Reacher jeszcze raz wzruszył ramionami. Milczał. W samochodzie było ciepło. Ciepło i wygodnie.
– Powiedz to wreszcie – przerwała milczenie Harper. – Wyrzuć to z siebie. Utknąłeś i…
– I nic.
– Gówno tam „nic”. I? Reacher odetchnął głęboko.
– I mam z tym problem.
W samochodzie zapadła cisza. Harper skinęła głową, jakby doskonale go rozumiała.

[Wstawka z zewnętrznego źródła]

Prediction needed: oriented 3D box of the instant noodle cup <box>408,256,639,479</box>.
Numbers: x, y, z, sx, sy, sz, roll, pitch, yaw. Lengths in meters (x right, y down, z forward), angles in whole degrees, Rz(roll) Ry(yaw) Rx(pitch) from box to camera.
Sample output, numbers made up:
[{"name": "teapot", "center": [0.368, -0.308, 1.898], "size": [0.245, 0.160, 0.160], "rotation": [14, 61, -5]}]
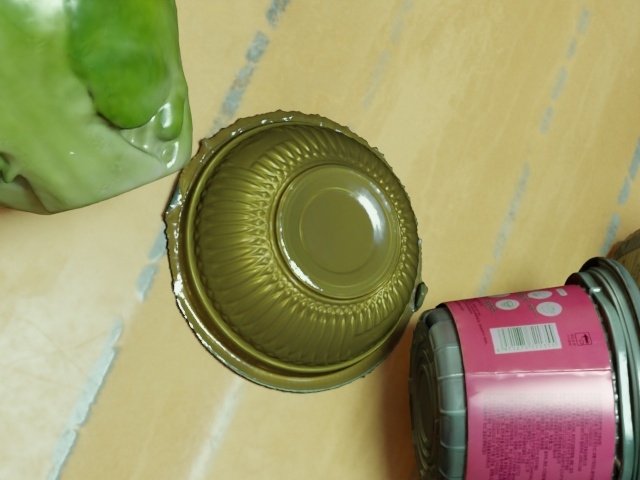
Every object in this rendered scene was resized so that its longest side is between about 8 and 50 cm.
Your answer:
[{"name": "instant noodle cup", "center": [0.179, 0.145, 1.163], "size": [0.182, 0.302, 0.258], "rotation": [-1, 85, -6]}]

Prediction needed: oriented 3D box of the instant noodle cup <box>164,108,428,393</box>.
[{"name": "instant noodle cup", "center": [0.000, 0.000, 1.177], "size": [0.274, 0.091, 0.274], "rotation": [6, 77, -26]}]

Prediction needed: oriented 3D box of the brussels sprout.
[{"name": "brussels sprout", "center": [-0.242, -0.173, 0.980], "size": [0.281, 0.289, 0.354], "rotation": [-36, 110, -14]}]

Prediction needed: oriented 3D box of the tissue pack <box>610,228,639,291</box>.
[{"name": "tissue pack", "center": [0.345, 0.101, 1.268], "size": [0.123, 0.215, 0.256], "rotation": [15, 73, -13]}]

– Rozumiem, że Jodie nie bardzo chce być w ruchu?
– A ty byś chciała?
– Nie wiem. Reacher skinął głową.
– Problem w tym, że ona wie. Wychowaliśmy się w tym samym środowisku, przenosiliśmy się ciągle z bazy do bazy i do jeszcze innej bazy. Wędrowaliśmy po całym świecie, miesiąc tu, pół roku tam. Jodie żyje takim życiem, jakim żyje, ponieważ zdołała się od tego oderwać. Sama stworzyła sobie świat dokładnie taki, jaki chce mieć. Dobrze wie, czego chce, bo równie dobrze wie, jaka jest alternatywa.